Perkembangan era digital telah dimulai
sejak lama. Sejak terjadinya perubahan besar-besaran, sekitar tahun 1980, revolusi
digital dari teknologi mekanik dan elektronik analog ke teknologi digital
(sumber : Wikipedia). Perubahan revolusioner yang kemudian arahnya mengerucut
kepada perkembangan teknologi informasi ini hingga sekarang masih terus
berlangsung. Semakin pesat dan semakin melesat bak ngebutnya sebuah mobil balap
F1 yang baru melewati start line di
sirkuit. Barang siapa yang tidak menyesuaikan sudah tentu akan jauh
ketinggalan.
Analog ---> Digital (sumber gambar : wikipedia) |
Pun demikian dengan kaum hawa. Apapun
profesi yang disandingnya bila seorang wanita tak up-to-date dalam dunia digital maka sedikit banyak akan ketinggalan
informasi. Sebagai seorang ibu rumahan, saya pribadi merasakan hal tersebut.
Tanpa koneksi internet sehari saja misalnya rasanya ada yang kurang. Apalagi
saya gemar menulis dan tengah terlibat aktif dalam sebuah grup kepenulisan.
Bukan hanya itu, dengan adanya perkembangan teknologi digital yang bernama
internet, begitu banyak kemudahan yang secara pribadi saya rasakan sendiri.
Sebagai contoh, untuk memperdalam bekal mengenai tips parenting, internet tentu saja sangat membantu proses itu. Dengan hanya
berbekal mesin pencari, nyaris semua informasi yang saya butuhkan tentang cara
terbaik dalam hal pengasuhan anak bisa saya dapatkan tanpa perlu keluar
sejengkal pun dari rumah.
Apalagi dengan adanya teknologi telekomunikasi
yang juga semakin canggih dalam mengakomodir laju pertumbuhan era digital ini.
Hadirnya ponsel-ponsel pintar, dengan aneka ragam bentuk, ukuran dan kegunaan.
Semakin memudahkan kami, kaum wanita untuk semakin berkilau.
Namun bukan berarti dengan
berkembangnya era digital lantas wanita harus kehilangan jati diri pribadinya.
Ada tren baru di sana, ikut. Ada tren baru di sini, ikut. Bukankah sebuah
kalimat bijak justru berkata, jika kita selalu mengikuti tren maka kita justru
akan selalu tertinggal? Maka bagi saya apapun istilahnya dan dimana pun saya
berada, saya akan selalu memilih untuk menjadi diri sendiri. Sehingga secanggih
apapun perkembangan fashion, make-up, aksesoris, dan sebagainya di belahan dunia lain, yang
tentu akan dengan mudah saya akses sekarang ini melalui media digital, tak akan
mengubah diri saya. Saya tetaplah saya. Insha
Allah.
Teknologi, secanggih apapun, akan
selalu memiliki dua sisi. Satu bersayap dan lainnya bertanduk. Positif dan negatif.
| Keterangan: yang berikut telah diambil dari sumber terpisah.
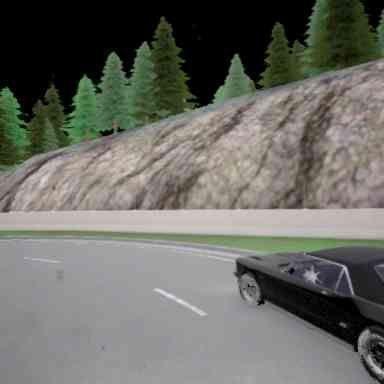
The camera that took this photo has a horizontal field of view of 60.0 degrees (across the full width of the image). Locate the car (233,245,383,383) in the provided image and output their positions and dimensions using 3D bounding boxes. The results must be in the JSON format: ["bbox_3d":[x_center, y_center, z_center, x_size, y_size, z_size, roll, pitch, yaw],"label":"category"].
[{"bbox_3d":[2.473,1.527,5.341,1.895,1.301,4.718,-2,0,-21],"label":"car"}]
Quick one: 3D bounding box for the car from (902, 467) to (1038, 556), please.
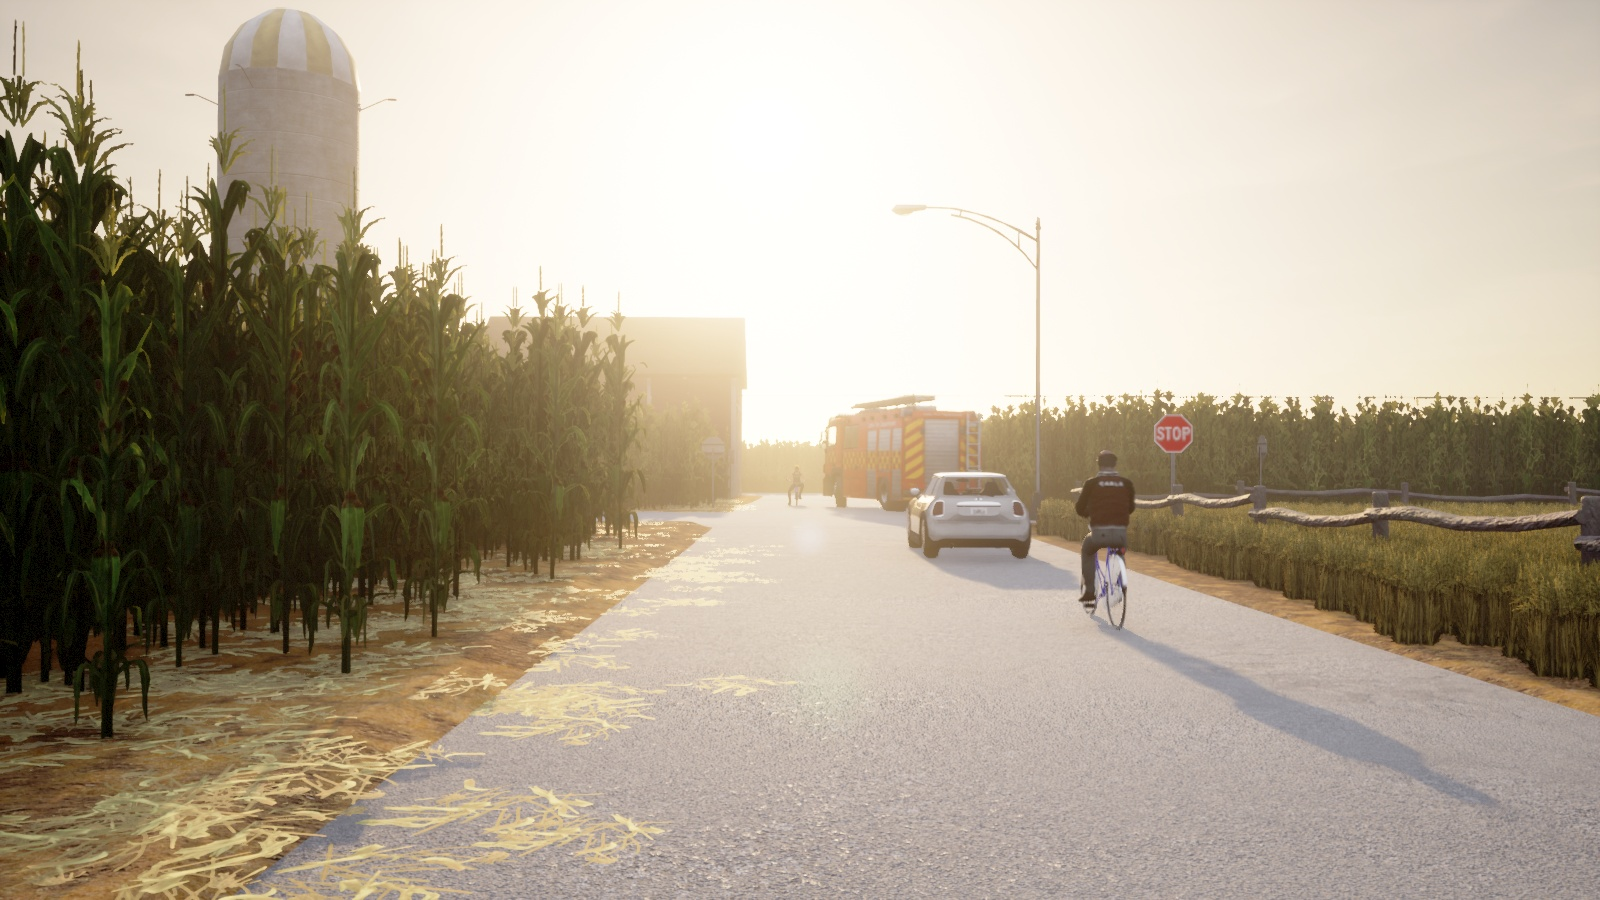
[{"bbox_3d":[3.039,1.074,23.203,1.970,1.475,3.806,0,0,0],"label":"car"}]

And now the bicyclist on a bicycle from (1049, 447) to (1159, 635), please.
[{"bbox_3d":[3.067,0.868,12.826,0.659,1.776,1.843,0,0,0],"label":"bicyclist on a bicycle"}]

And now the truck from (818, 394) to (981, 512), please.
[{"bbox_3d":[3.319,0.169,44.927,2.891,3.827,8.468,0,-1,-17],"label":"truck"}]
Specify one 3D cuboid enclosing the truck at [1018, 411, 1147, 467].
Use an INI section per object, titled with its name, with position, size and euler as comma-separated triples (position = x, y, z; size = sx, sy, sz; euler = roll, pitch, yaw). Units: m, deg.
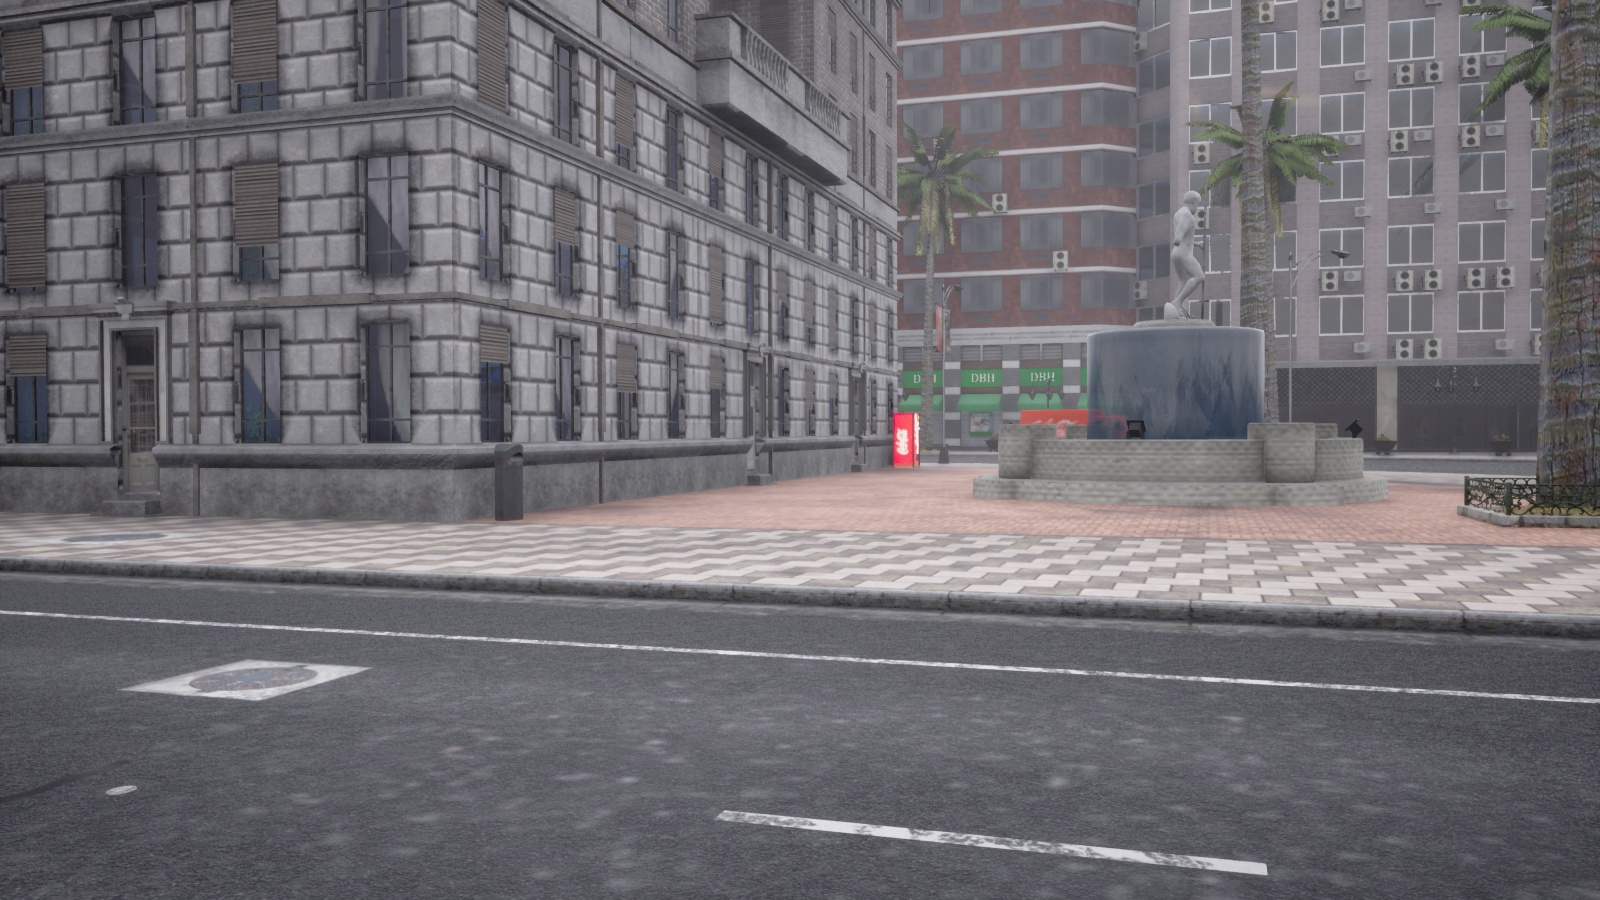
[truck]
position = 13.002, -0.537, 57.809
size = 5.204, 2.467, 2.627
euler = 1, 1, 33
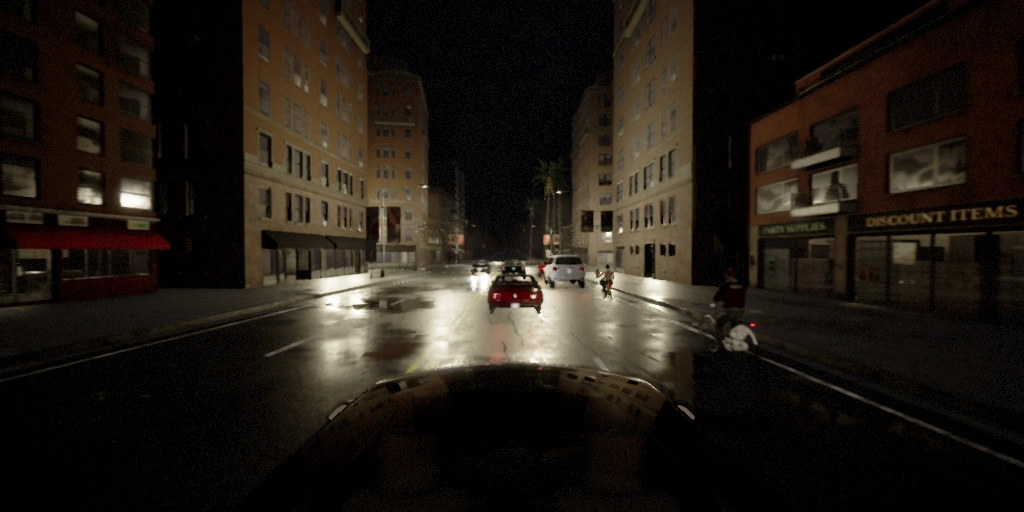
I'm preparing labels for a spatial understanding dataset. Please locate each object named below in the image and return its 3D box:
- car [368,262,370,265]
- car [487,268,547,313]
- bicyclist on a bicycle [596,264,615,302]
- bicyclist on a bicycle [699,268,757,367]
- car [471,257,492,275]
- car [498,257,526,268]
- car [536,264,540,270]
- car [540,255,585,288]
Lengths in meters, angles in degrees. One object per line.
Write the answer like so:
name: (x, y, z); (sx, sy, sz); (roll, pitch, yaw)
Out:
car: (-23.839, 0.768, 53.352); (5.009, 1.841, 2.192); (0, 0, -9)
car: (0.112, 1.330, 13.909); (1.895, 1.301, 4.718); (0, 0, 0)
bicyclist on a bicycle: (4.183, 1.164, 15.845); (0.866, 1.612, 1.509); (0, 1, -1)
bicyclist on a bicycle: (4.148, 1.112, 7.022); (0.659, 1.776, 1.843); (0, 0, 0)
car: (-3.216, 1.195, 38.316); (2.128, 1.511, 4.902); (0, 0, 0)
car: (0.128, 1.063, 31.429); (2.097, 1.767, 4.553); (0, 0, 0)
car: (3.284, 1.235, 33.570); (1.812, 1.442, 4.674); (0, 0, 0)
car: (3.360, 0.941, 23.740); (2.150, 2.045, 5.566); (0, 0, 0)
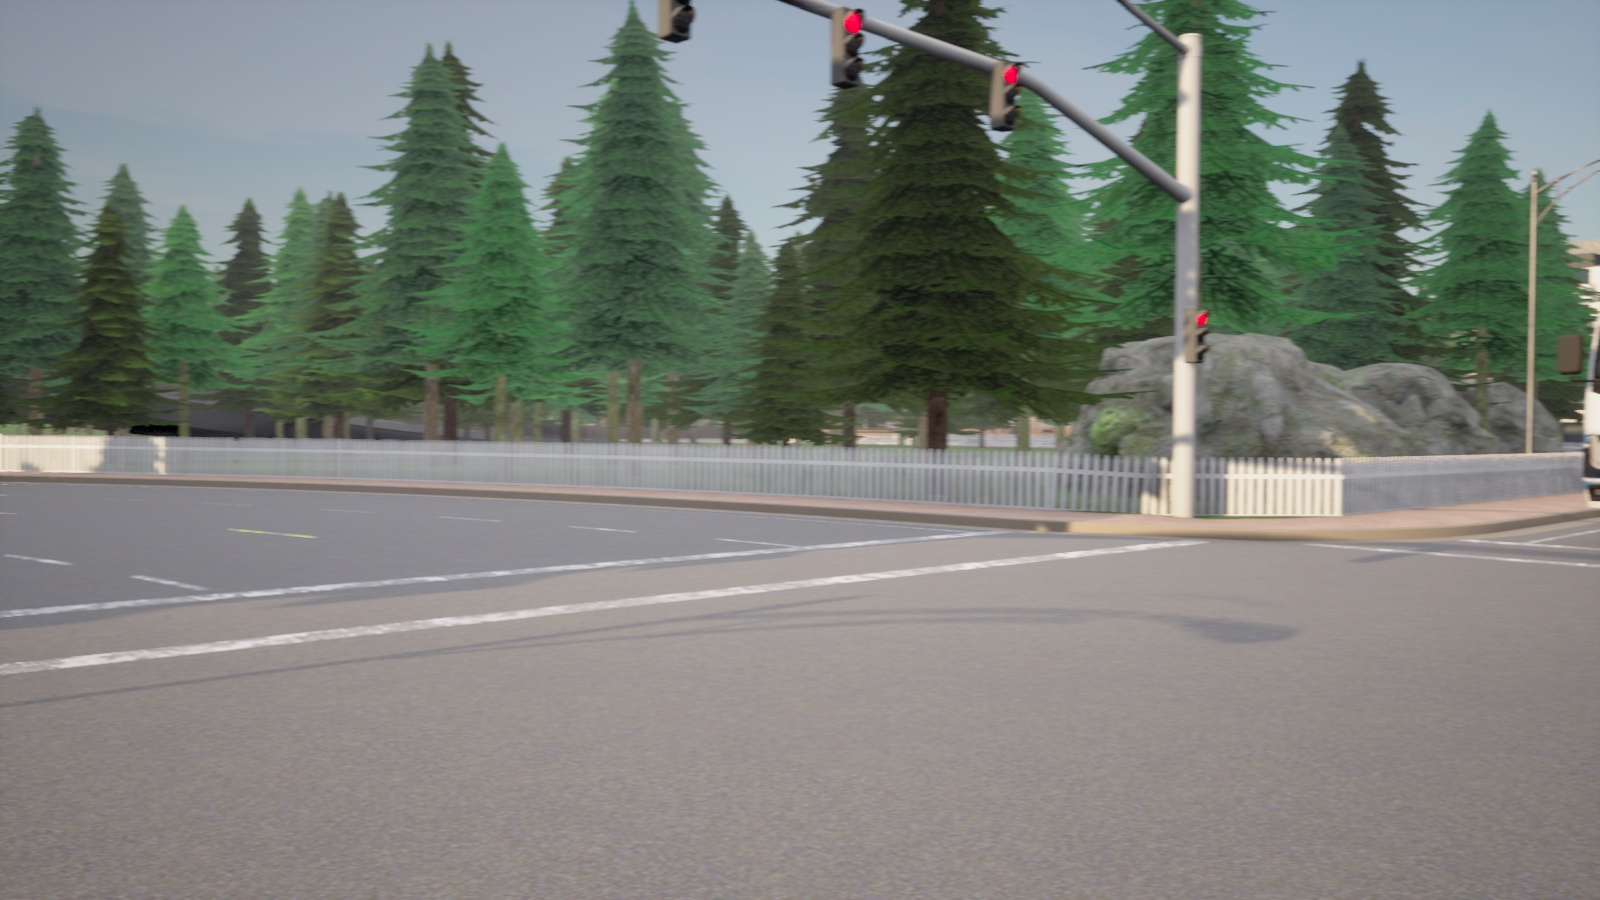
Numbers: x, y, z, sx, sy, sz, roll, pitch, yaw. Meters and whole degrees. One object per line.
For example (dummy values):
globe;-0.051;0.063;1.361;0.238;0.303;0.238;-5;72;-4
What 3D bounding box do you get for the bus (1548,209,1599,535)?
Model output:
bus;14.918;-1.094;19.210;3.944;4.253;10.273;0;1;43
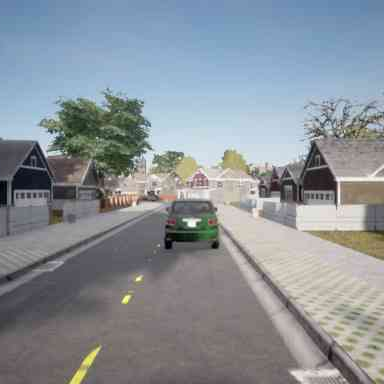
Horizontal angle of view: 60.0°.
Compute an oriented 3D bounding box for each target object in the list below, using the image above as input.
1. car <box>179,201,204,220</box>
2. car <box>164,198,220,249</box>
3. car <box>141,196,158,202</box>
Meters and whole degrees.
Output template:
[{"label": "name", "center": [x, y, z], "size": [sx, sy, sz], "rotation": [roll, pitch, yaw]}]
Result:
[{"label": "car", "center": [-0.017, 1.554, 29.652], "size": [2.033, 1.411, 5.357], "rotation": [0, 0, 0]}, {"label": "car", "center": [-0.006, 1.254, 14.681], "size": [2.150, 2.045, 5.566], "rotation": [0, 0, 0]}, {"label": "car", "center": [-9.489, 1.511, 73.460], "size": [2.033, 1.411, 5.357], "rotation": [0, 0, -31]}]

Telah banyak kita mendengar berita-berita tak sedap sehubungan dengan pesatnya
perkembangan era digital ini. Lahirnya jejaring sosial sedikit banyak mengambil
peranan dalam pergeseran tatanan gaya hidup para wanita jaman sekarang. Pertemuan
kembali dengan orang-orang dari masa lalu, tidak selalu berdampak baik. Terkadang
alih-alih menyambung tali silaturahim, bagi sebagian orang adanya jejaring
sosial justru berakibat buruk. Perselingkuhan hingga perceraian jamak kita
dengar terjadi akibat terbukanya komunikasi di era digital dewasa ini. Bagaimana
seharusnya kita menyikapinya? Tentu pada akhirnya berpulang pada diri sendiri. Karena
sesungguhnya ada atau tidaknya jejaring sosial, pesat atau tidaknya
perkembangan teknologi digital yang semakin memudahkan kehidupan, kesetiaan dan
komitmen kepada pasangan selalu berpulang kepada pilihan masing-masing orang
untuk menyikapinya.
Ketika segalanya kembali kepada filter
masing-masing diri maka boleh dikata pada akhirnya tergantung kepada seberapa kuat
kita membentengi diri kita dengan prinsip hidup yang baik. Apakah hanya
gara-gara perkembangan era digital ini menjadikan nilai-nilai suci yang telah
kita pegang teguh menjadi luntur? Tentu tidak. Jaman boleh berkembang, mencelat
secepat yang ia bisa namun kaidah kebaikan tetap harus digenggam erat. Meski
ianya terasa panas layaknya bara api.
Tulisan
ini diikutsertakan dalam kontes Fastron Blogging Challenge.